What is an English Muffin?
English muffins are small, flat disks, made with yeast, sliced horizontally for toasting and topping with jam or using in Eggs Benedict recipes. In England however, they’re simply called “muffins”, though made still a little different. It’s thought that long ago, here in the US, we labeled English Muffins as such to differentiate them from our standard, cake-like muffins.
How do you make English muffins?
The recipe I settled on and love most comes from King Arthur Flour’s site. The recipe was basically perfect but I did find a few important tricks along the way. I’ve expounded a bit in the directions of their recipe to help you get it perfect. With this recipe, your English Muffin Bread will come out with a golden crust and a layer of cornmeal around the outside, thanks to the dusting that you place in the loaf pan after greasing it. Rapid rise yeast (also called Instant Yeast) is the key to getting the bread finished in a short amount of time, requiring it to rise only once before baking.
Dry ingredients are whisked together, including the yeast.
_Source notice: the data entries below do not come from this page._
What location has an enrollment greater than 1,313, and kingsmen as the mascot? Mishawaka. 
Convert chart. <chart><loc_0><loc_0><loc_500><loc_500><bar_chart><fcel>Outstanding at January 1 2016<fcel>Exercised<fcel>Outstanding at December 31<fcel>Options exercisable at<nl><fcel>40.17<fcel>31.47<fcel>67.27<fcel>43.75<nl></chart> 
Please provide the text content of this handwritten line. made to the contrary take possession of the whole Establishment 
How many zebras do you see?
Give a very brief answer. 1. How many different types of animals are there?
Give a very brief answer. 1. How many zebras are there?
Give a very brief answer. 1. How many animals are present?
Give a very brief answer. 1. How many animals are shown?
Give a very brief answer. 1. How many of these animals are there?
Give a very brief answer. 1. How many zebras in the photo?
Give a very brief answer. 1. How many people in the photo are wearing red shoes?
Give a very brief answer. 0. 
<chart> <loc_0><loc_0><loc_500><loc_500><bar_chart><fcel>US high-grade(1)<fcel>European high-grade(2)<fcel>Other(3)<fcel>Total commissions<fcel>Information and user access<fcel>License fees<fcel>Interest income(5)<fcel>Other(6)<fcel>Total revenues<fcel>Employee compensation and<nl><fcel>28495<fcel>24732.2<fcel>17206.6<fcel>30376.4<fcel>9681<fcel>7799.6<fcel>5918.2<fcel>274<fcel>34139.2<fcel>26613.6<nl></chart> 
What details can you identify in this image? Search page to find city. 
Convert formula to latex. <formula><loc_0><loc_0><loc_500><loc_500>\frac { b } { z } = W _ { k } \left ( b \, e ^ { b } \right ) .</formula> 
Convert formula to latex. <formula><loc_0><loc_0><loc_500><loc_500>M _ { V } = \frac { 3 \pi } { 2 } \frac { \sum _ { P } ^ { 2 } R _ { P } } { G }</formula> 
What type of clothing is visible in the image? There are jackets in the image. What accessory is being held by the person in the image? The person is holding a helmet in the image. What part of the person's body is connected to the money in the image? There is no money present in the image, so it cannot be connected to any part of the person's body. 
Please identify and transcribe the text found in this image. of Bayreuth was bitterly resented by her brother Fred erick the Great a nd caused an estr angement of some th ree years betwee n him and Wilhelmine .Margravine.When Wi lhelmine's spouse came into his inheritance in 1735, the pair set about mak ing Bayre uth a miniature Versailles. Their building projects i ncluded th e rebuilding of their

Then the wet ingredients get heated in the microwave to the perfect temperature to interact with the yeast (an instant-read thermometer is helpful here). The short list of ingredients are mixed together for a minute. Then once the dough is smooth but a little rubbery, spread it into the greased and cornmeal-lined loaf pan to rise. The bread will rise to the perfect level in less than an hour unless your kitchen is very cold.
Baking the bread takes less than 30 minutes, testing with the thermometer for an internal temp of 190F degrees before removing from the oven.
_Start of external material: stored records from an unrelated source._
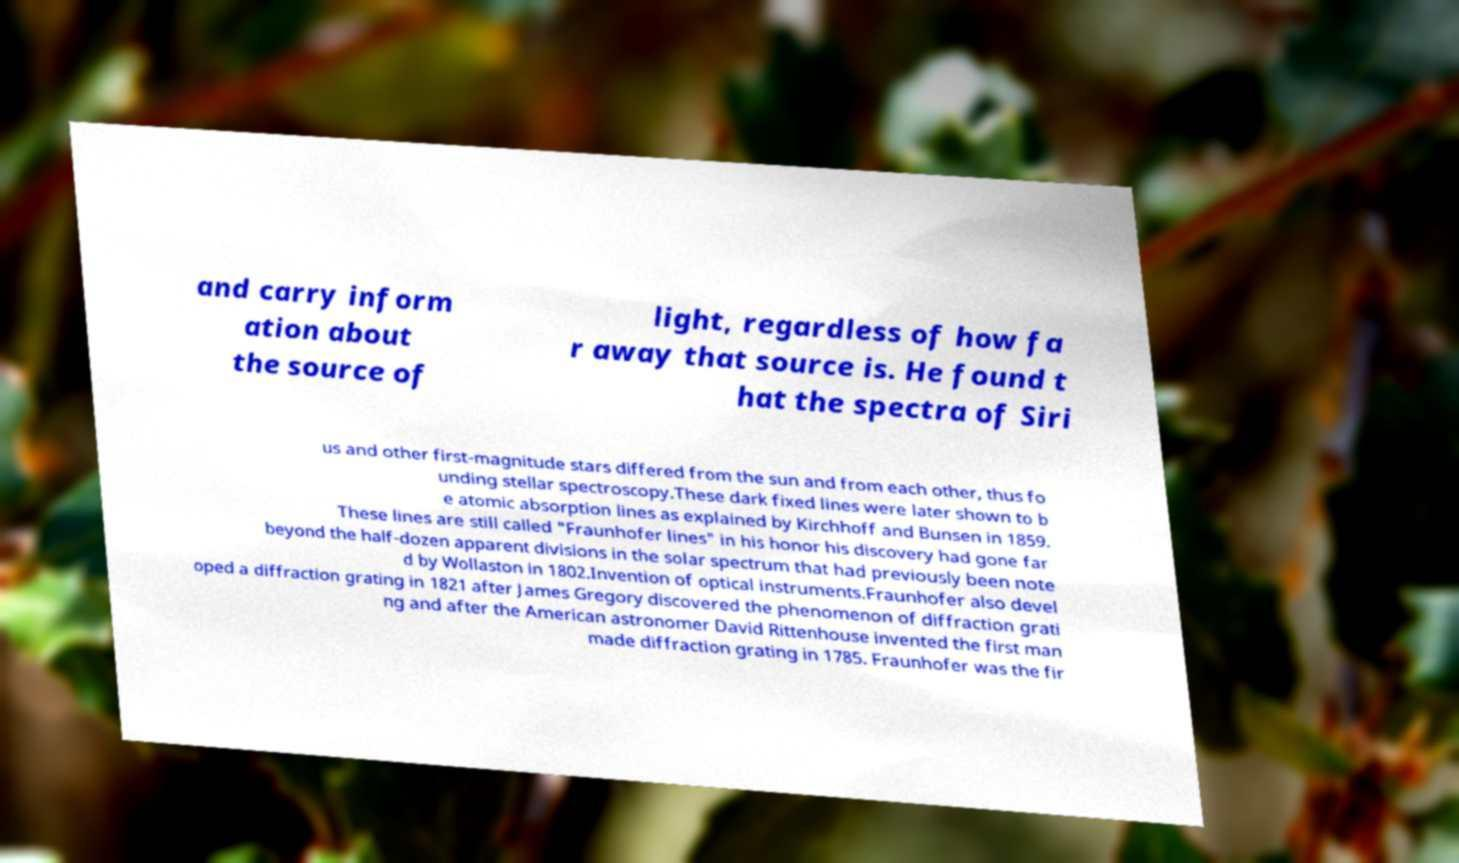I need the written content from this picture converted into text. Can you do that? and carry inform ation about the source of light, regardless of how fa r away that source is. He found t hat the spectra of Siri us and other first-magnitude stars differed from the sun and from each other, thus fo unding stellar spectroscopy.These dark fixed lines were later shown to b e atomic absorption lines as explained by Kirchhoff and Bunsen in 1859. These lines are still called "Fraunhofer lines" in his honor his discovery had gone far beyond the half-dozen apparent divisions in the solar spectrum that had previously been note d by Wollaston in 1802.Invention of optical instruments.Fraunhofer also devel oped a diffraction grating in 1821 after James Gregory discovered the phenomenon of diffraction grati ng and after the American astronomer David Rittenhouse invented the first man made diffraction grating in 1785. Fraunhofer was the fir 
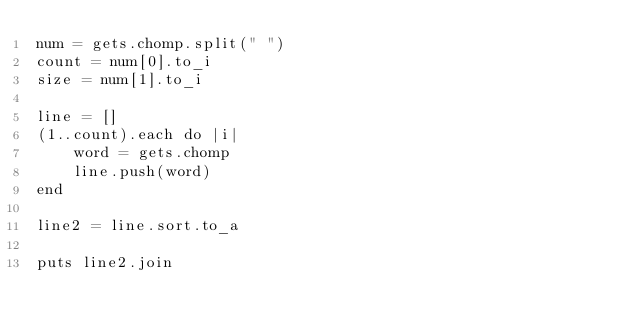Convert code to text. <code><loc_0><loc_0><loc_500><loc_500><_Ruby_>num = gets.chomp.split(" ")
count = num[0].to_i
size = num[1].to_i

line = []
(1..count).each do |i|
    word = gets.chomp
    line.push(word)
end

line2 = line.sort.to_a

puts line2.join</code>

Once the bread is completely cooled, you can slice it and it slices beautifully. Best of all, the taste is moist, airy, with a perfect crust.
Besides serving bread toasted with jam, we can’t forget Eggs Benedict. English Muffin Bread is the perfect base for wild smoked salmon, or soft and thin lox, baby spinach, and a poached, or fried egg.
Don’t forget to save English Muffin Bread to your “Bread” or “Breakfast” boards and let’s be friends on Pinterest! I’d love to share tasty recipes with you.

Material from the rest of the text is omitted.